Aplikasi (MSA) yaitu sebesar 12.080 %. Data perlakuan G0 tidak terdapat

pertumbuhan gulma dikarenakan pada perlakuan J1G0,J2G0,J3G0 terdapat

perlakuan kandungan larutan ekstrak kulit jengkol dengan dosis yang berbeda-

beda. Hal ini sejalan dengan pernyataan Nurjannah (2013), bahwa kulit buah

jengkol segar mengandung senyawa fenolat, flavonoid, dan asam galat.

Kandungan senyawa tersebut, ujarnya, merupakan hasil eskstrak kulit buah

jengkol formulasi cair atau bubuk apabila digunakan saat musim tanam maka akan

menghambat pertumbuhan rumput tuton. “Alelokimia kulit buah jengkol segar

menurunkan serapan hara, laju fotosintesis dan transportasi rumput tuton asal

biji,” kata Nurjannah.


Gambar 2. Grafik persentase pertumbuhan gulma

Hasil pengamatan visual memeperoleh data dari hasil rataan pengamatan

keseluruhan pada minggu ke 3 hingga minggu ke 6 menunjukkan bahwa pada

minggu ke 3 mulai tampak pertumbuhan gulma. Pada perlakuan herbisida glifosat

dengan taraf yang berbeda memperoleh hasil pertumbuhan gulma meningkat

setiap minggunya. Hasil tertingi di dapatkan pada minggu ke 6 dengan perlakuan

G3 dengan dosis 4 ml sebesar 14,580%.


V. KESIMPULAN DAN SARAN

5.1. Kesimpulan

Dari hasil penelitian ini, dapat di simpulkan bahwa :

1. Ada pengaruh herbisida glifosat terhapad pengendalian gulma kelapa sawit.

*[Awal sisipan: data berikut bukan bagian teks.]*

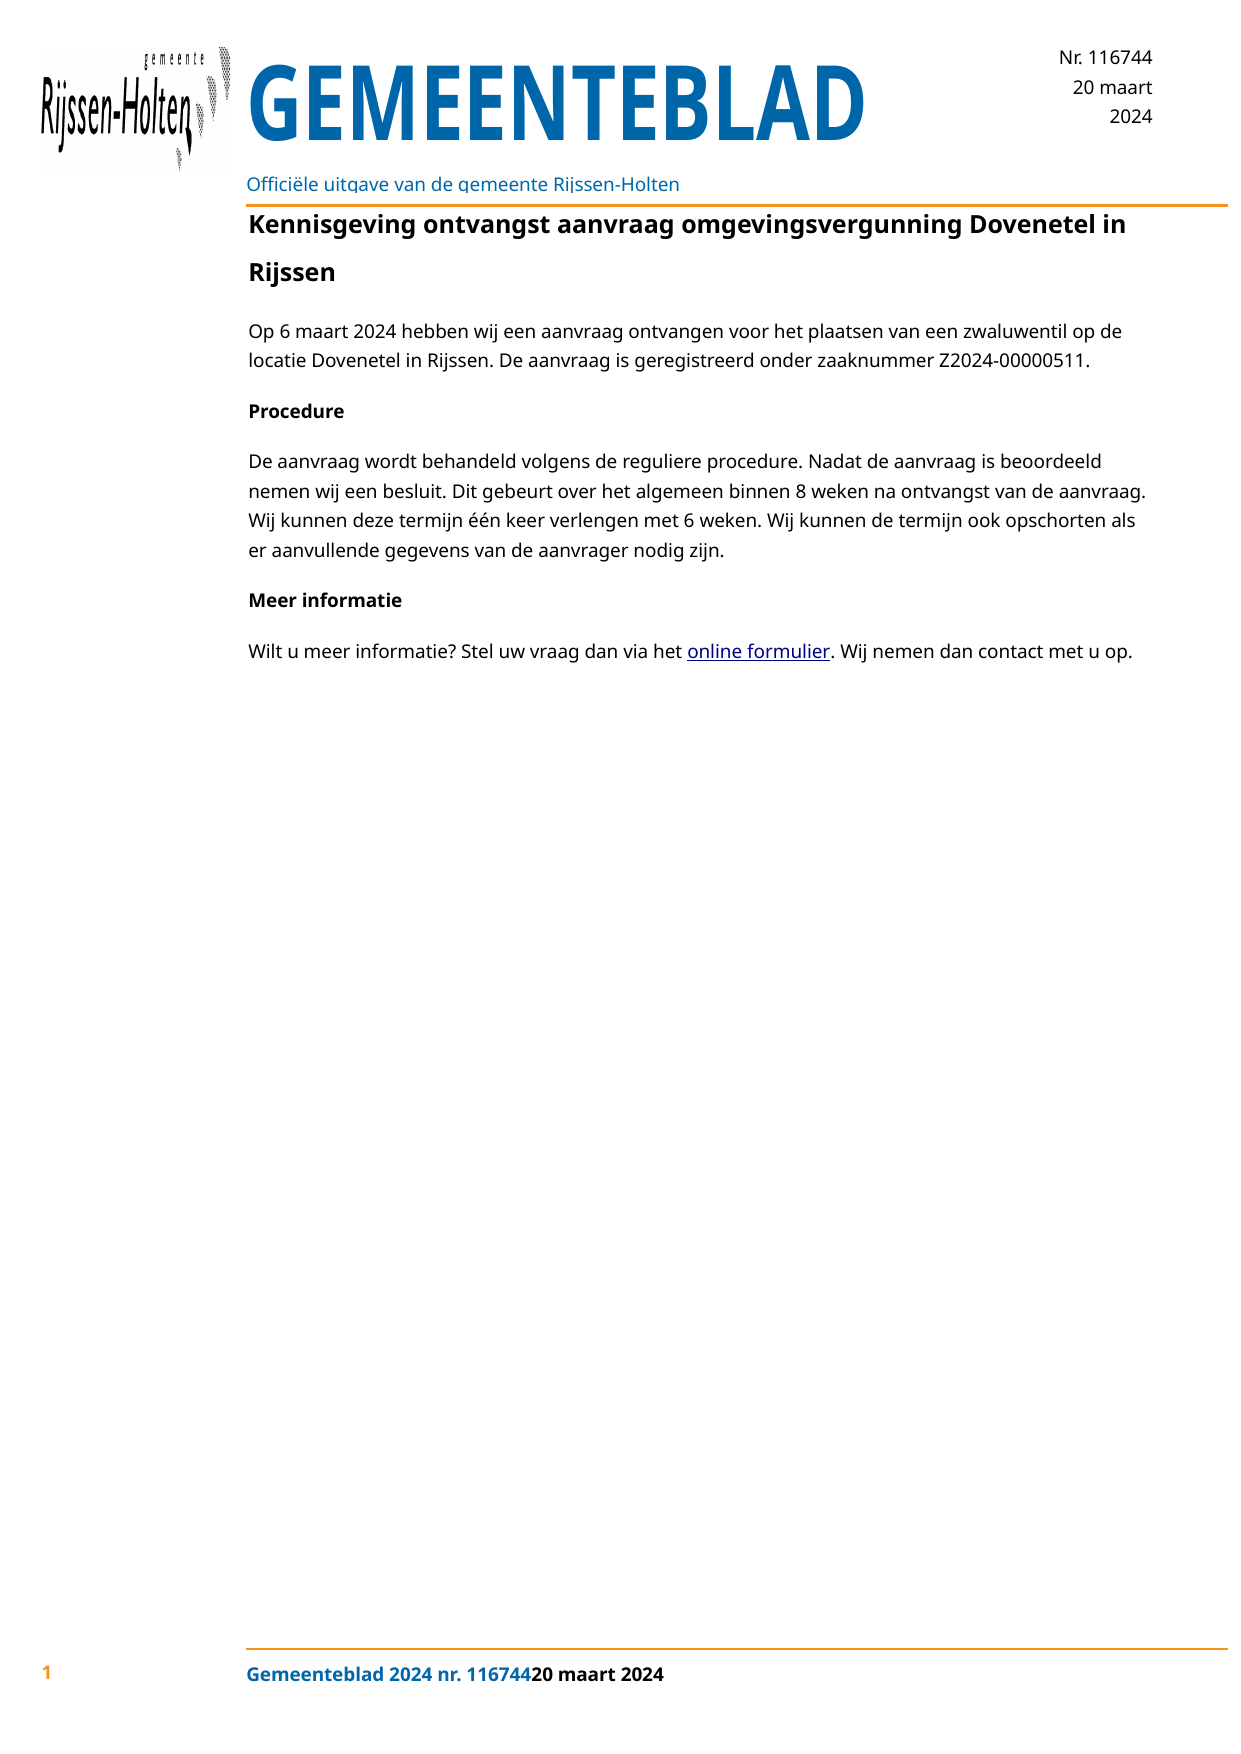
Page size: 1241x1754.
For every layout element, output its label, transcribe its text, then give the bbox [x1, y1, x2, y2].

text Meer informatie [248, 587, 1152, 613]
text De aanvraag wordt behandeld volgens de reguliere procedure. Nadat de aanvraag is beoordeeld nemen wij een besluit. Dit gebeurt over het algemeen binnen 8 weken na ontvangst van de aanvraag. Wij kunnen deze termijn één keer verlengen met 6 weken. Wij kunnen de termijn ook opschorten als er aanvullende gegevens van de aanvrager nodig zijn. [248, 448, 1152, 563]
text Wilt u meer informatie? Stel uw vraag dan via het online formulier. Wij nemen dan contact met u op. [248, 638, 1152, 664]
text Procedure [248, 398, 1152, 424]
text Op 6 maart 2024 hebben wij een aanvraag ontvangen voor het plaatsen van een zwaluwentil op de locatie Dovenetel in Rijssen. De aanvraag is geregistreerd onder zaaknummer Z2024-00000511. [248, 318, 1152, 373]
picture [41, 47, 231, 172]
text Kennisgeving ontvangst aanvraag omgevingsvergunning Dovenetel in Rijssen [248, 207, 1152, 288]

Hasil yang paling baik dari penelitian ini yang di peroleh 1 Minggu Setelah

Aplikasi (MSA) yaitu di perlakuan G2 dengan dosis 3 ml, memperoleh hasil

kematian gulma sebesar 90,420%.


2. Ada pengaruh herbisida nabati ekstrak kulit jengkol terhadap penngendalian

gulma kelapa sawit. Hasil yang paling baik dari penelitian ini di peroleh 1

Minggu Setelah Aplikasi (MSA) yaitu di perlakuan J2 yaitu dengan dosis 3,75

ml sebesar 81,918%. Ekstrak kulit buah jengkol sangat efektif pada gulma

berdaun sempit seperti Ottochloa nodusa.


3. Ada pengaruh interaksi ekstrak kulit jengkol dan herbisida glifosat pada

perlakuan J2G2 dengan rataan mencapai 94,67%.

5.2. Saran

1. Perlu penelitian lebih lanjut terhadap ekstrak kulit buah jengkol untuk

pengendalian gulma yang spesifik.


2. Di saran kan kepada peneliti selanjutnya untuk peneletian lebih lanjut terhadap

peningkatan dosis ekstrak kulit jengkol dan herbisida glifosat.